Mousa Al Tamari Nascido em Amã, capital da Jordânia, teve que derrubar mandatos familiares num país sem tradição no futebol. Sua mãe sempre quis que ele se concentrasse nos estudos, mas ele queria realizar seu sonho e conseguiu: ser um jogador de futebol profissional.
Al-Tamari estreou na primeira divisão do país aos 19 anos e construiu uma carreira que se tornou um verdadeiro mapa de melhoria: foi para o Al-Jazira, onde conquistou a Copa da Jordânia e disputou a Liga dos Campeões da Ásia, depois deu o salto para APOEL Nicósia de Chipre.
Anos depois, sua carreira chegou à elite da Europa: ele foi para OH Leuven na Bélgicadesembarcou em Montpellier e eventualmente acabou em Rennes da Françaclube em fevereiro de 2025 Ele pagou US$ 10 milhões por seu passaporte.
Por que você o está comparando a Lionel Messi?

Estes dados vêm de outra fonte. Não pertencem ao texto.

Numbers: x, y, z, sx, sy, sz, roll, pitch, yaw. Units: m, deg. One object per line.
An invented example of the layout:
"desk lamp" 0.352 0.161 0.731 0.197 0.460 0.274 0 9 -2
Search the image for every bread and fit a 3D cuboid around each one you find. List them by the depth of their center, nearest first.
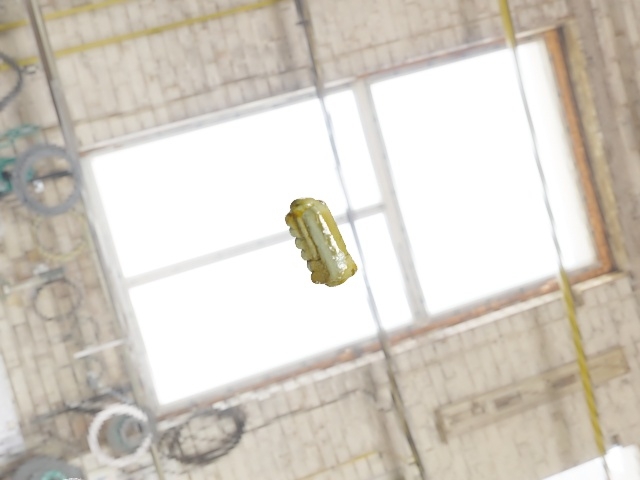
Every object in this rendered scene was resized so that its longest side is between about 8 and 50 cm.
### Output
"bread" 0.000 0.000 0.992 0.049 0.033 0.088 -19 -79 43

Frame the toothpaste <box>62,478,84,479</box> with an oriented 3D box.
"toothpaste" -0.265 0.298 1.027 0.266 0.096 0.061 -49 -123 44
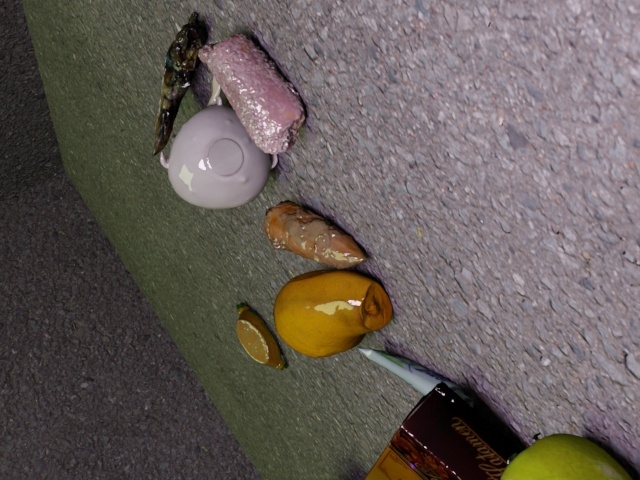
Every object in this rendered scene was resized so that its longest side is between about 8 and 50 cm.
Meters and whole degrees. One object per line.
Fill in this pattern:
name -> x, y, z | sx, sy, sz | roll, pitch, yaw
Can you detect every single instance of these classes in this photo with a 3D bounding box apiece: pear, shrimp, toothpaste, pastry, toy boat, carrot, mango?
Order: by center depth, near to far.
pear -> 0.385, 0.413, 1.194 | 0.282, 0.176, 0.286 | 37, 148, 40
pastry -> -0.121, -0.274, 1.572 | 0.265, 0.103, 0.112 | 50, 151, 21
toothpaste -> 0.172, 0.247, 1.640 | 0.297, 0.075, 0.048 | 24, 99, 57
carrot -> 0.000, 0.000, 1.691 | 0.263, 0.102, 0.102 | 26, 141, 48
mango -> 0.010, 0.136, 1.739 | 0.187, 0.144, 0.359 | 30, 155, -7
shrimp -> -0.298, -0.304, 1.845 | 0.365, 0.071, 0.233 | 135, 148, -63
toy boat -> -0.171, 0.262, 2.469 | 0.229, 0.089, 0.088 | 54, -162, 16

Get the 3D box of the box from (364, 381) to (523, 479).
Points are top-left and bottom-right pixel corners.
box -> 0.233, 0.425, 1.577 | 0.264, 0.116, 0.415 | 41, 156, 15

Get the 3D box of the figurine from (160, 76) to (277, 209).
figurine -> -0.223, -0.209, 1.855 | 0.394, 0.226, 0.274 | -149, 65, -73
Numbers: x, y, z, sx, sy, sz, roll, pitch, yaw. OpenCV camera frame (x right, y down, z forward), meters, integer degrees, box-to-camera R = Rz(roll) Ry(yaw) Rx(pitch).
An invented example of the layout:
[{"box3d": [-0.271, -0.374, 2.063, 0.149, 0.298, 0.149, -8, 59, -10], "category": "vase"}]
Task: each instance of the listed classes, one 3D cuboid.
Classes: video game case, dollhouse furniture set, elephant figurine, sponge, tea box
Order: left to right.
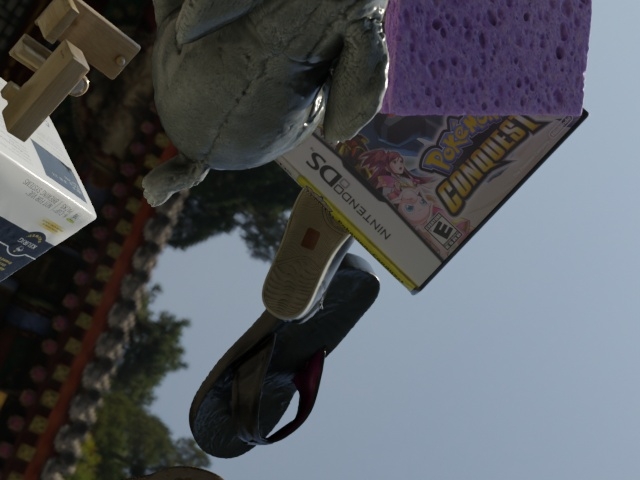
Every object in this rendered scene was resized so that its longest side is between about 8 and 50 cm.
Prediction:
[{"box3d": [-0.542, -0.078, 1.266, 0.323, 0.329, 0.220, -33, -114, 3], "category": "tea box"}, {"box3d": [-0.290, -0.185, 1.133, 0.144, 0.123, 0.151, -45, -138, 10], "category": "dollhouse furniture set"}, {"box3d": [-0.017, -0.143, 0.577, 0.239, 0.169, 0.186, -20, -98, 64], "category": "elephant figurine"}, {"box3d": [0.103, -0.124, 0.999, 0.275, 0.248, 0.035, -45, 175, -12], "category": "video game case"}, {"box3d": [0.150, -0.171, 0.851, 0.031, 0.210, 0.117, -155, -115, -62], "category": "sponge"}]

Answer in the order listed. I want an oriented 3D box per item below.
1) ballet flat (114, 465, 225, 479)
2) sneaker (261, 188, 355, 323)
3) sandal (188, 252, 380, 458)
[{"box3d": [-0.233, 0.373, 1.366, 0.250, 0.058, 0.084, -13, -107, 22], "category": "ballet flat"}, {"box3d": [0.000, 0.000, 1.179, 0.083, 0.118, 0.222, 30, -96, 10], "category": "sneaker"}, {"box3d": [-0.063, 0.203, 1.408, 0.446, 0.167, 0.107, -56, -139, 31], "category": "sandal"}]

A comparação com o capitão argentino não nasce de uma semelhança física, mas de seu jeito inconfundível de jogar: Ele é canhoto, explosivo, tem uma mudança de ritmo letal e se sente extremamente confortável atacando da ala direita para o meio para dar o chute ao poste mais distante ou dar o último golpe.
Porém, o mito do “Messi Jordaniano” não nasceu em seu país. Durante a sua passagem de sucesso pelo APOEL em Chipre, onde Ele marcou 13 gols e deu 10 assistências em 76 jogosNos anos 2000, sua habilidade de driblar um contra um levou os fãs a dedicarem a ele uma música chamada os famosos dez.
“Temos um Al Tamari, ele é muito melhor que Harry e Dele Alli. O Messi jordaniano”gritaram os torcedores do APOEL enquanto o jordaniano fazia grandes jogadas na cozinha.
No seu país eles usam o termo “gritna” para descrever o seu jogo: um misto de coragem e muita atitude de sempre pedir a bola. Características que, apesar das derrotas da Jordânia frente à Áustria e à Argélia, o extremo confirmou na sua primeira Copa do Mundo.
Neste sábado, ao lado de seus flanqueadores Yazan Al-Naimat e Ali Olwan, Al-Tamari fará seu último teste contra a camisa albiceleste e contra o próprio Lionel Messi, ser a principal carta de perigo que a seleção argentina deve deter.